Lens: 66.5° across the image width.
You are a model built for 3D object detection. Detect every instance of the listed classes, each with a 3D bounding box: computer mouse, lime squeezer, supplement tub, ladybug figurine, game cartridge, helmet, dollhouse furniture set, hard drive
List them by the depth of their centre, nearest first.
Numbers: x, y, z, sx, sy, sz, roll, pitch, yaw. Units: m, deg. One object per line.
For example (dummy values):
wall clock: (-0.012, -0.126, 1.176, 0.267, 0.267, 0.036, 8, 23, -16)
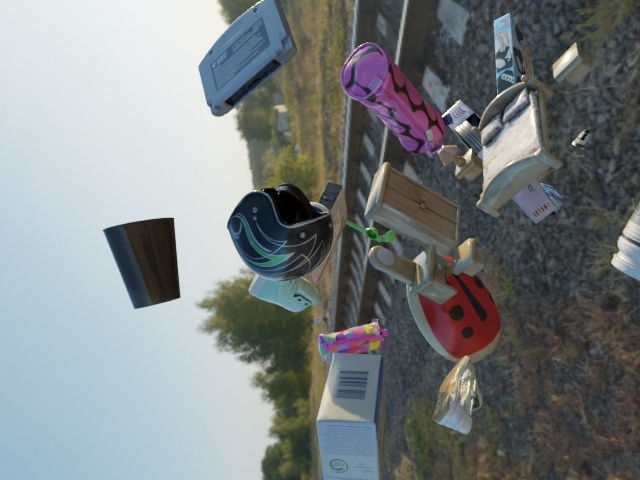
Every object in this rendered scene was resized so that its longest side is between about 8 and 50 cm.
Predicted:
dollhouse furniture set: (0.233, -0.124, 0.766, 0.356, 0.173, 0.304, -51, 17, 47)
helmet: (-0.063, -0.010, 0.844, 0.161, 0.169, 0.169, 45, 168, 8)
supplement tub: (0.915, -0.025, 1.278, 0.191, 0.190, 0.273, -107, 32, -66)
game cartridge: (-0.199, -0.483, 1.278, 0.062, 0.297, 0.198, 20, -132, -50)
computer mouse: (-0.055, -0.089, 1.406, 0.106, 0.192, 0.042, 22, -107, -69)
ladybug figurine: (0.469, 0.227, 1.667, 0.449, 0.305, 0.161, 50, 150, -14)
hard drive: (0.000, 0.000, 1.667, 0.237, 0.064, 0.339, 77, -146, -62)
lime squeezer: (0.226, -0.047, 1.888, 0.059, 0.309, 0.110, 118, 152, -73)

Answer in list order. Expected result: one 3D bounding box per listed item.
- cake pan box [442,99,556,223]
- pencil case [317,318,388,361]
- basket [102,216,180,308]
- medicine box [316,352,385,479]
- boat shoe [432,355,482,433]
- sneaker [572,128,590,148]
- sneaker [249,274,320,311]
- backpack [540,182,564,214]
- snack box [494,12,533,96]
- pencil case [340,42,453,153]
cake pan box: (0.421, -0.189, 1.156, 0.266, 0.070, 0.246, 32, -158, -42)
pencil case: (0.108, 0.345, 1.676, 0.104, 0.236, 0.105, 169, 90, -70)
basket: (-0.473, 0.064, 1.350, 0.204, 0.154, 0.227, -14, -90, -51)
medicine box: (0.095, 0.501, 1.322, 0.264, 0.148, 0.290, -68, -26, -63)
boat shoe: (0.355, 0.388, 1.220, 0.277, 0.096, 0.098, -34, -25, -60)
sneaker: (0.891, -0.347, 1.665, 0.109, 0.040, 0.044, -44, -21, -44)
sneaker: (-0.048, 0.068, 1.080, 0.256, 0.151, 0.094, -53, 15, 48)
backpack: (0.793, -0.153, 1.728, 0.105, 0.114, 0.084, 36, 106, 44)
snack box: (0.625, -0.540, 1.564, 0.187, 0.060, 0.322, 29, -122, -42)
pencil case: (0.122, -0.213, 0.767, 0.209, 0.095, 0.098, 24, -139, -47)
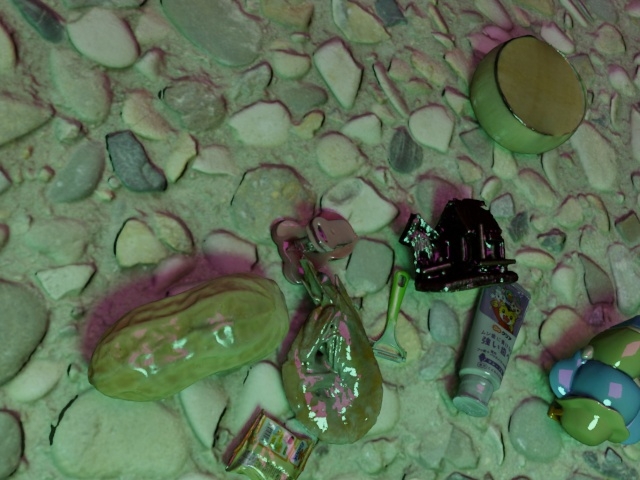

* * * *

** EXERCISE GOAL **
Each line of the material with the word "object" in it should be listed.

** EXERCISE ANSWER **
You are a model built for 3D object detection. Detect every instance of the listed classes, each with a 3D bounding box: computer mouse, lime squeezer, supplement tub, ladybug figurine, game cartridge, helmet, dollhouse furniture set, hard drive
Numbers: x, y, z, sx, sy, sz, roll, pitch, yaw. Units: m, deg. One object per line.
Every object in this rendered scene was resized so that its longest side is between about 8 and 50 cm.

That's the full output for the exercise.